Maintaining a retirement plan for your employees is no easy task. At various points during the year, employers and HR departments field participant questions, help with enrollments, deliver notices and statements, and participate in the distribution process. However, an additional responsibility, and one of the most important, is the collection of data that is used for compliance testing and government reporting. Though all these duties are important, one task drastically affects the outcome of your compliance testing; accurate reporting of all employee information to your third-party administrator. Sound onerous? Not really.
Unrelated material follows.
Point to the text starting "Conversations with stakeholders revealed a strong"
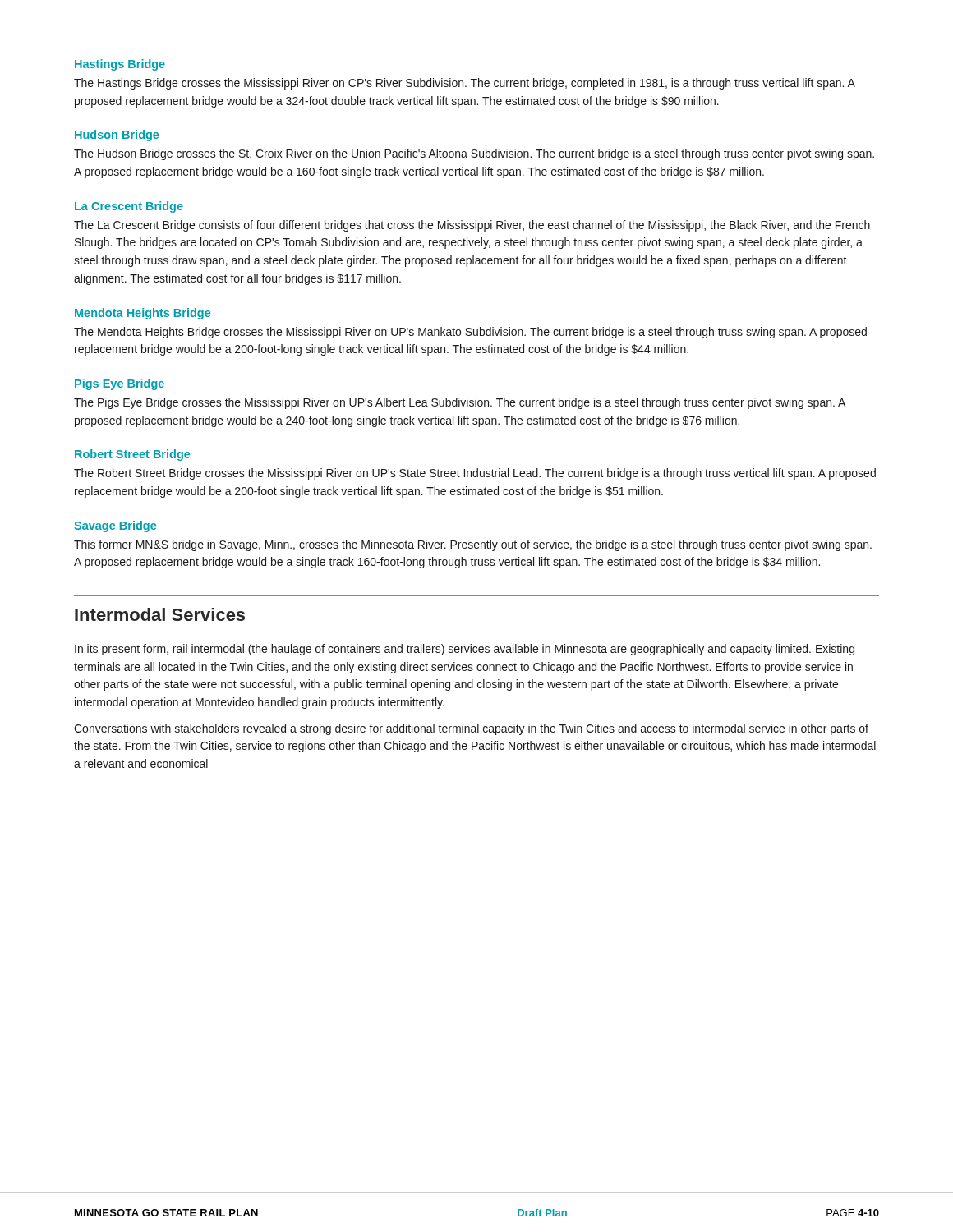Viewport: 953px width, 1232px height. click(475, 746)

On the surface, this appears like an easy-to-do. Of course, you know who your employees are! But, for retirement plan purposes, do you really know who is considered an employee? The definition provided by the Employees Retirement Income Security Act (ERISA) isn’t much help. ERISA states, “The term employee means any individual employed by the employer.”. Well, that much is probably obvious. However, the answer can be much more complex than it seems and has tripped-up many well-intentioned companies. In fact, employers as large as Microsoft, Coca-Cola, and Time Warner have found themselves in litigation over this very issue.
Why does this matter? Each year, your TPA analyzes your submitted census and applies the applicable regulations to ensure that the plan is in compliance with current law. Compliance items like eligibility, allowable employee and employer contribution levels, and tax deductibility (just to name a few) are calculated each year to ensure your retirement plan remains qualified, meaning that the tax-advantaged status of the funds in the plan remain tax-deferred. While your TPA may do the complicated part, the data upon which compliance work is based comes from the you, the employer.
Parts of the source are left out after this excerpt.